There's no such timidity from noted leftist figures like Tariq Ali. As Jones departs the Independent for his new 'radical' sinecure at the Guardian, Ali  comes to Scotland this week to help make the case for real, radical independence:
He will tell his Scottish audiences that a vote for independence would "enable the rediscovery of hope of a better future, provide a much greater say for people over what their country looks like, and would finish off the decrepit, corrupt, tribal Labourist stranglehold on some parts of Scotland forever". [...]Ali is not much exercised by suggestions by businesses that would leave Scotland after a yes vote. "Large corporations are trying to frighten people,'' he said.
Again, all with complicit media help. 

Why the privileged headlines for the views of big business? What about the views of deprived people, actual voters? As this recent tweet put it:
Instead of @ScotlandTonight constantly asking big business and the rich what they think about#indyref, why not pop along to Easterhouse?
The latest £12 billion round of ConDem tax and benefits measures are set to cast another 100,000 children in Scotland into poverty. Is that not simply criminal? Deepening austerity and despair for the already poor, ongoing protection and bonuses for the already rich.
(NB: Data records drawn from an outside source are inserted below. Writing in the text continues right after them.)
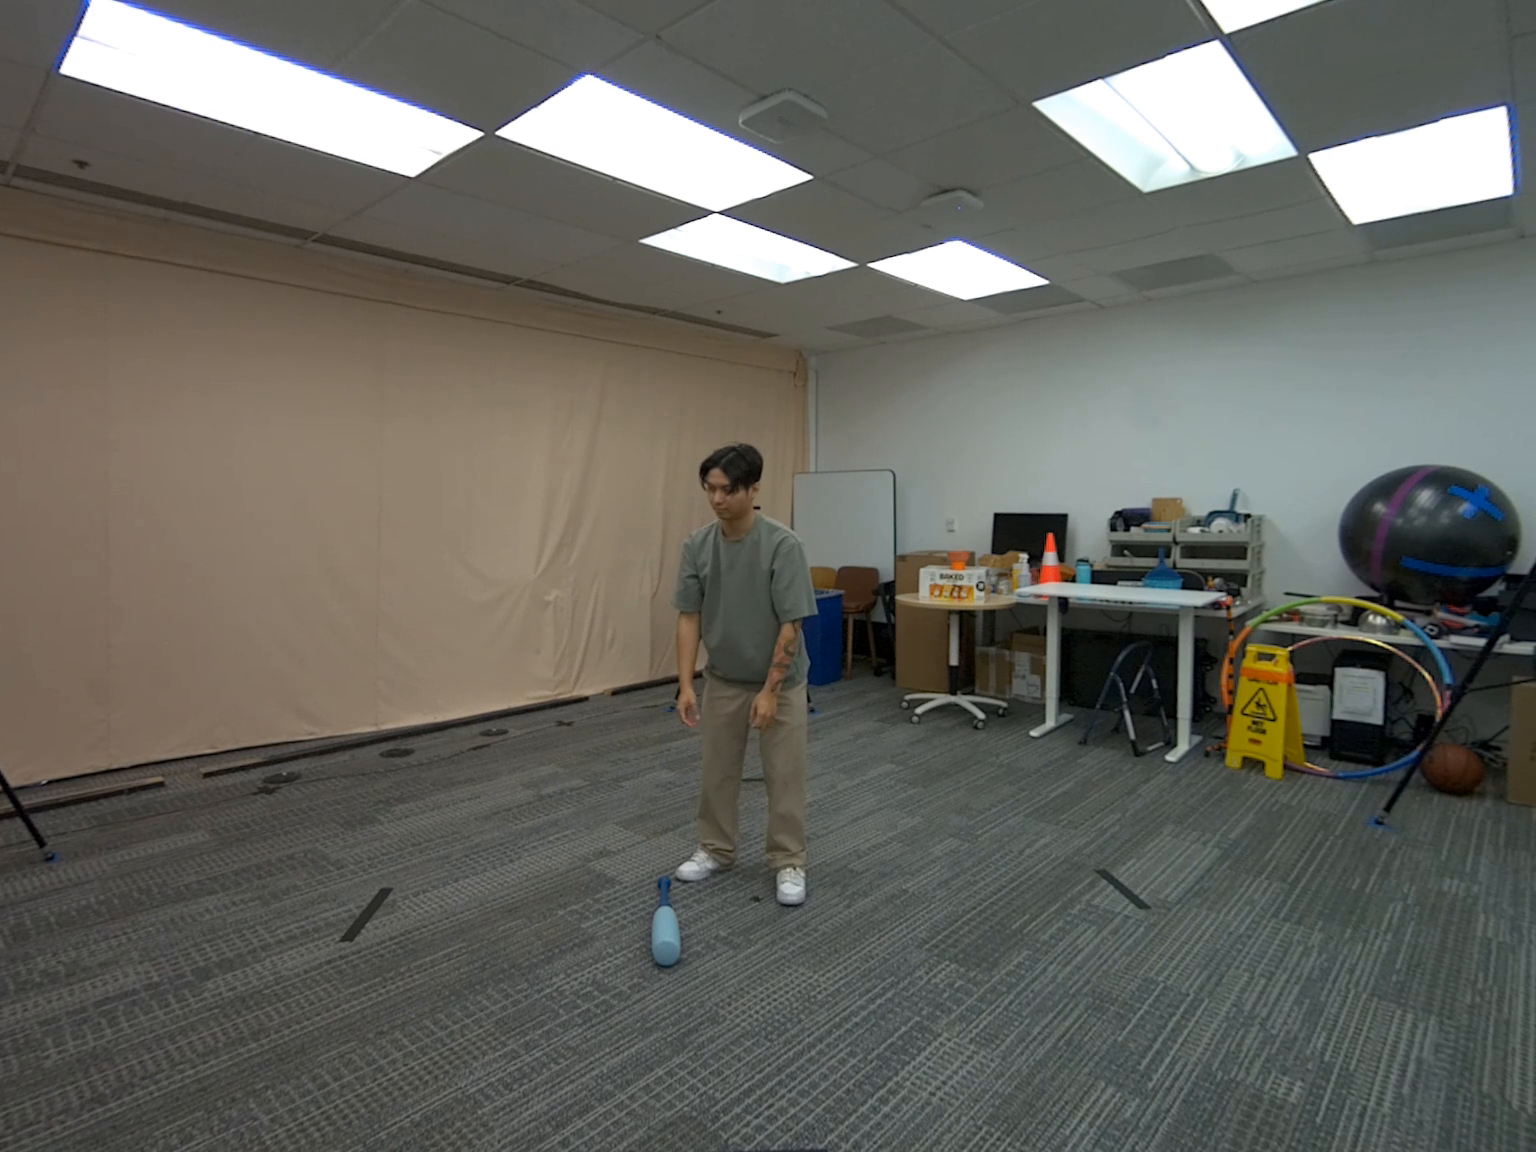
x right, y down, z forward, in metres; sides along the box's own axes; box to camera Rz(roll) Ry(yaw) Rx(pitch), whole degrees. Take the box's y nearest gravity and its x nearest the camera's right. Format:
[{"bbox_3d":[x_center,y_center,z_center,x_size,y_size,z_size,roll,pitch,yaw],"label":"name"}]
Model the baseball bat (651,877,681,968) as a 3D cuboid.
[{"bbox_3d":[-0.341,1.124,2.794,0.088,0.089,0.547,0,3,-7],"label":"baseball bat"}]
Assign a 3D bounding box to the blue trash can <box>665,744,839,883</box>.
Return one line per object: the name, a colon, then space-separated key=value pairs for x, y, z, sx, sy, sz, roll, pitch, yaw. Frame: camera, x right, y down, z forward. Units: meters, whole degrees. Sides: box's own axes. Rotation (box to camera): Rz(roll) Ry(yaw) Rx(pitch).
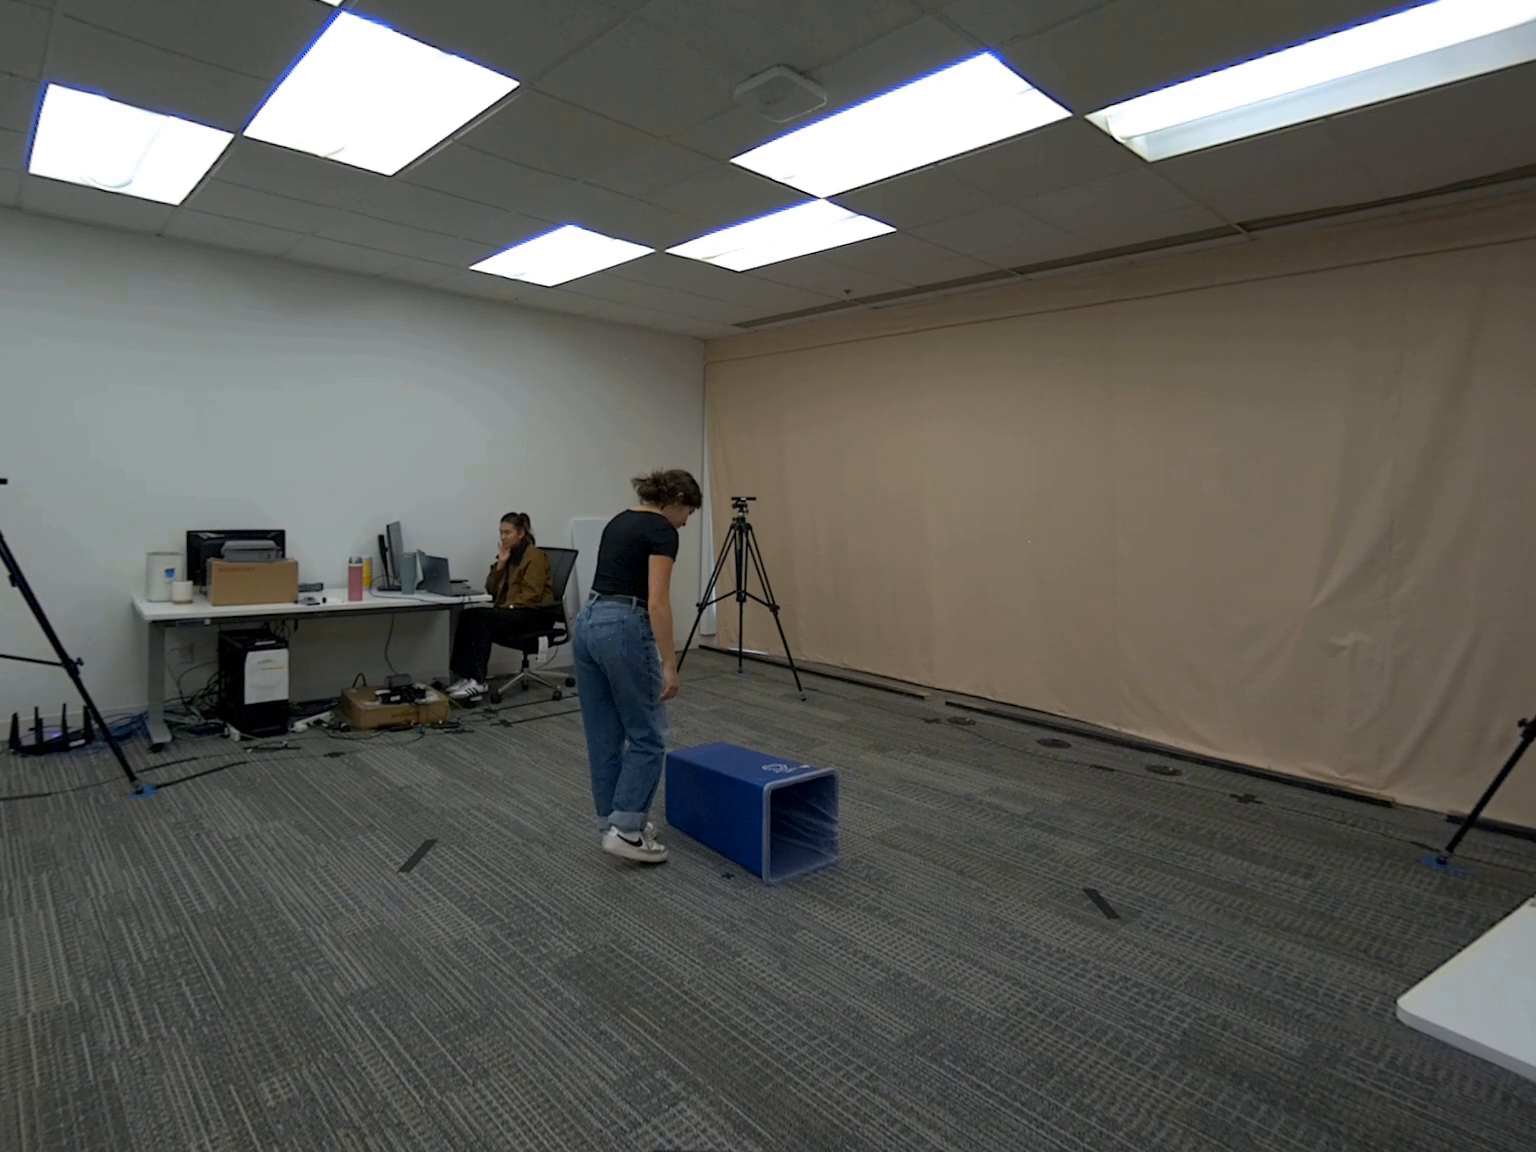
blue trash can: x=-0.106 y=0.915 z=3.396 sx=0.366 sy=0.377 sz=0.730 roll=-3 pitch=3 yaw=-40
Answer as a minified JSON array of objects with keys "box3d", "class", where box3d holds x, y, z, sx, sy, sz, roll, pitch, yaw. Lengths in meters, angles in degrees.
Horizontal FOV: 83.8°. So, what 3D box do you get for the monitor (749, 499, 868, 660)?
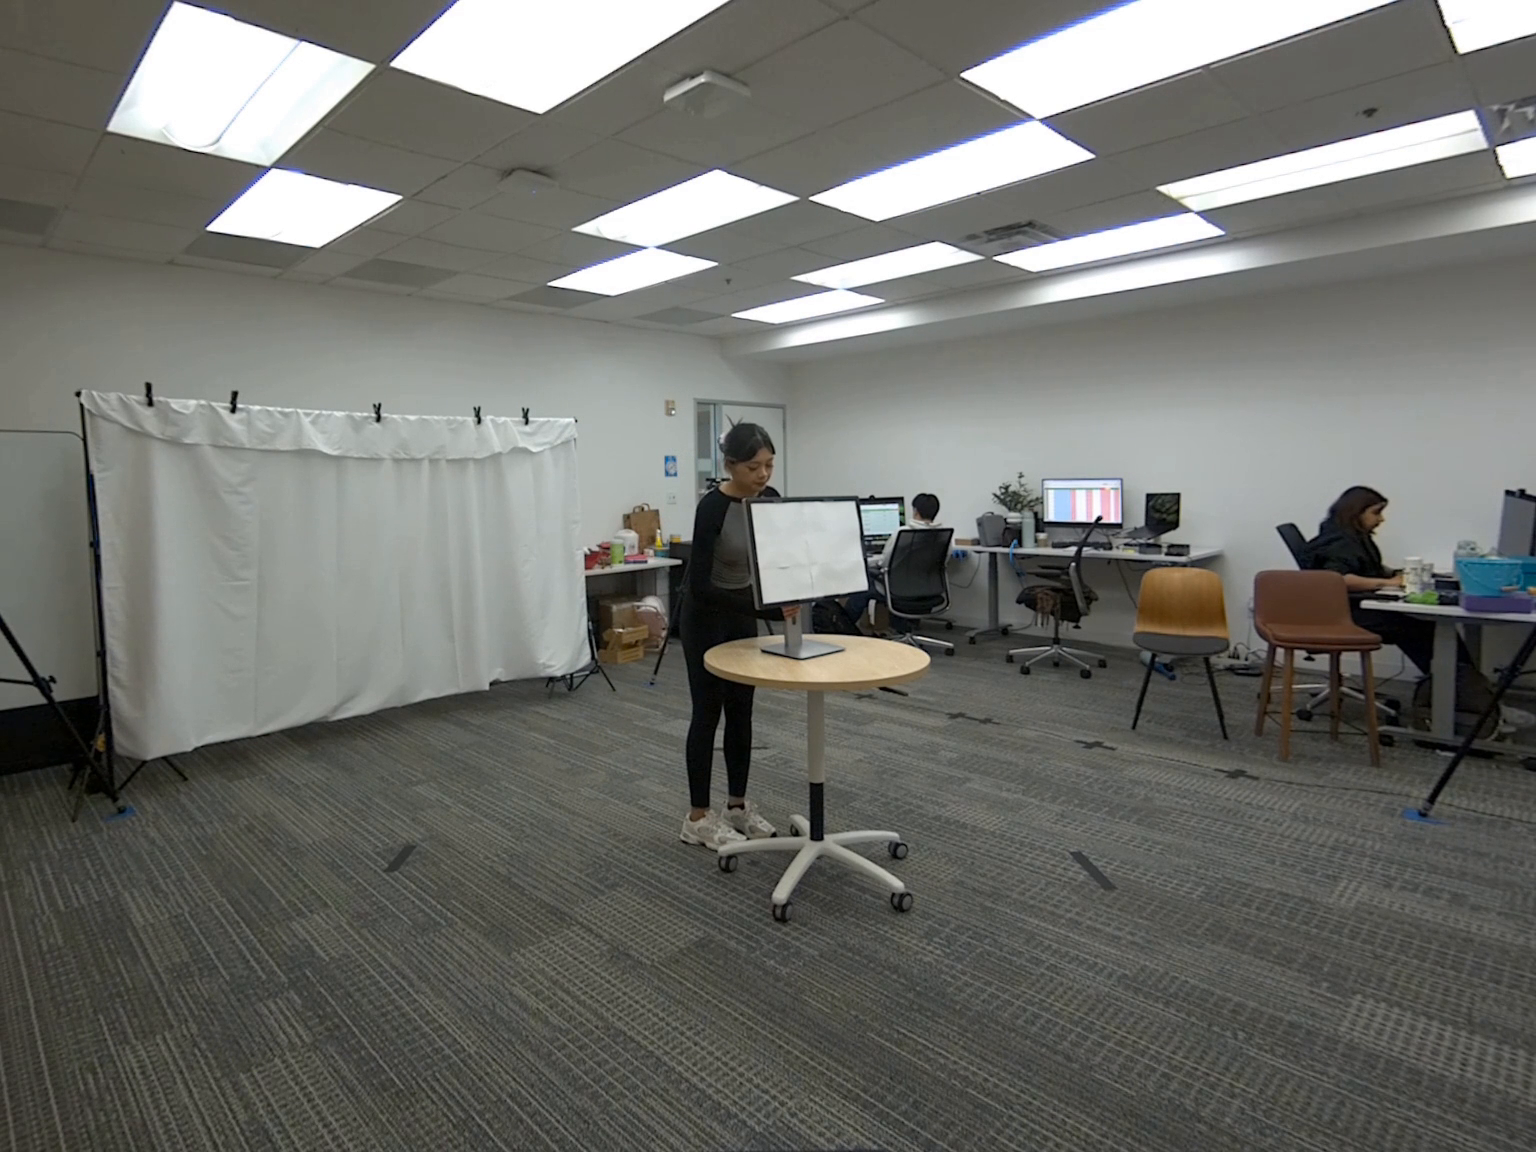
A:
[{"box3d":[0.121,0.000,2.985,0.525,0.520,0.193,-6,8,-45],"class":"monitor"}]
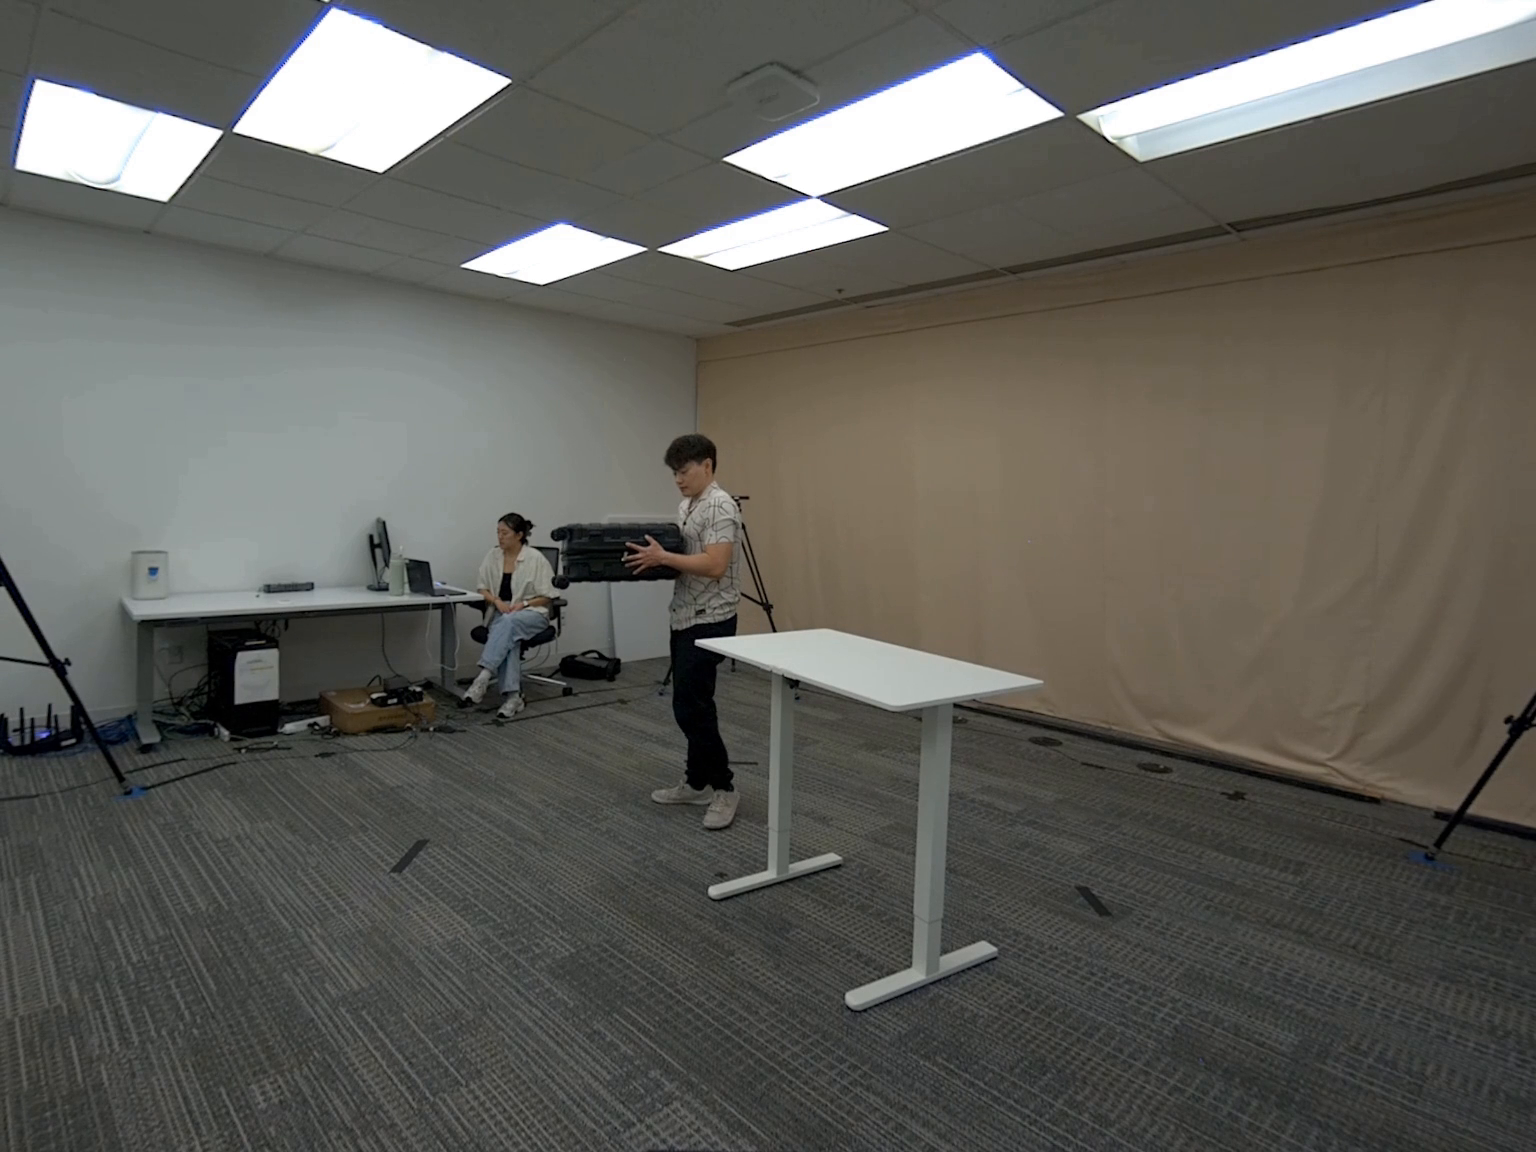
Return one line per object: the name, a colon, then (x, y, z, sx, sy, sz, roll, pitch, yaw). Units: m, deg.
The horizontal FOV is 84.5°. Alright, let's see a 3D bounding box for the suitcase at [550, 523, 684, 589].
suitcase: (-0.665, -0.100, 3.669, 0.542, 0.248, 0.380, -3, 1, -19)
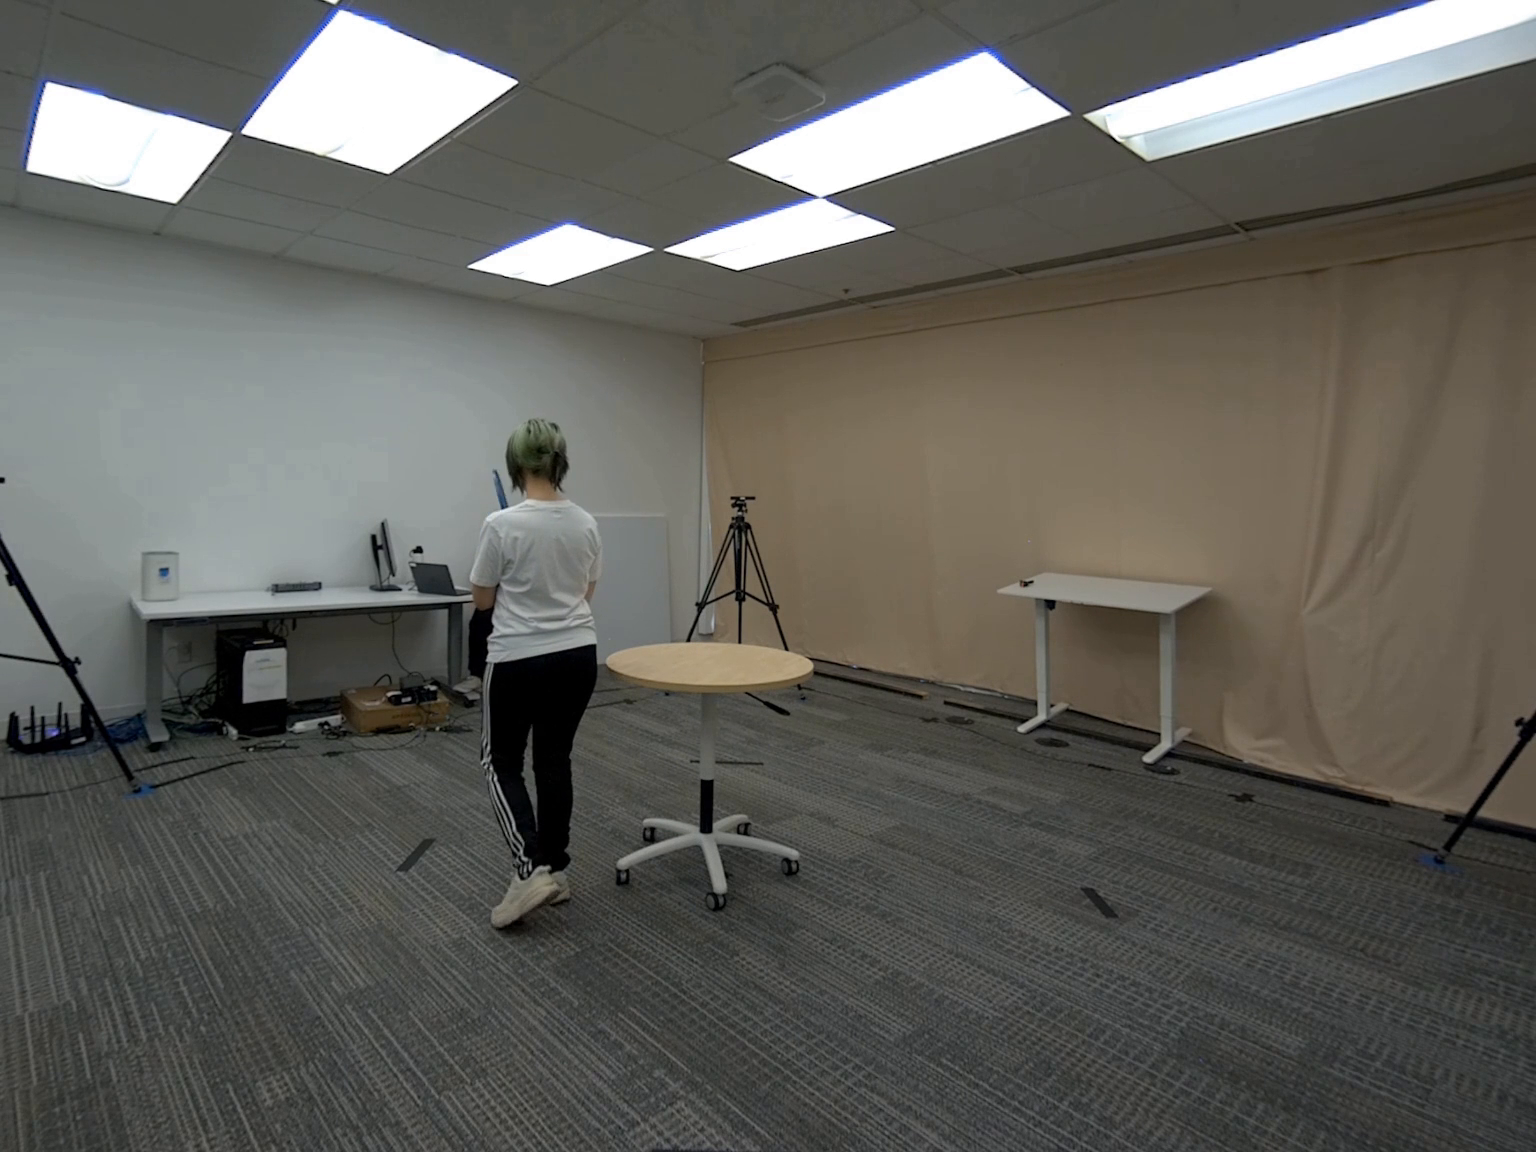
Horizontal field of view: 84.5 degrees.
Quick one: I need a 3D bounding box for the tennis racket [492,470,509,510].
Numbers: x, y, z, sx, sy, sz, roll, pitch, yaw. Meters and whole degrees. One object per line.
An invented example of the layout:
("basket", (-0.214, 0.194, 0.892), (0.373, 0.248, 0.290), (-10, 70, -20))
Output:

And where's the much larger media outcry? Why is this not a predominant issue? A large part of the answer lies in the first of these two words: corporate media.
 
It's not just the problem of being run politically from Westminster by a cabal of neoliberal parties. It's the much bigger problem of being run by the City of London and a financial system which sets the very terms of those neoliberal policies.
 
That affects everyone, whether you live in Glasgow or Gloucester, Easterhouse or Essex. Poverty knows no boundaries, and any resistance to the poverty-makers will all need to be directed against that same privileged City and the greed credo by which it lives.
 
The question is, faced with such a depth of corporate-political power, what productive tactics can be deployed to challenge it?   
 
Beyond any imaginary hope of a leftist breakthrough under a stitched-up electoral system, the independence vote, as Tariq Ali asserts, offers some viable opportunity for breaking the matrix of Westminster rule, big-business parties and an imperialist, warmongering Union, while opening up, at least, some serious prospect of a post-neoliberal landscape. That can only benefit all progressive forces, within and beyond Scotland.

This decision isn't about the SNP, or Alex Salmond - all part of the same scare agenda - even if some of that governing hierarchy still have to be faced-down over its neoliberal accommodations, Nato approvals and eco credentials.  

It's primarily about saying Yes to radical empowerment and No to corporate hegemony.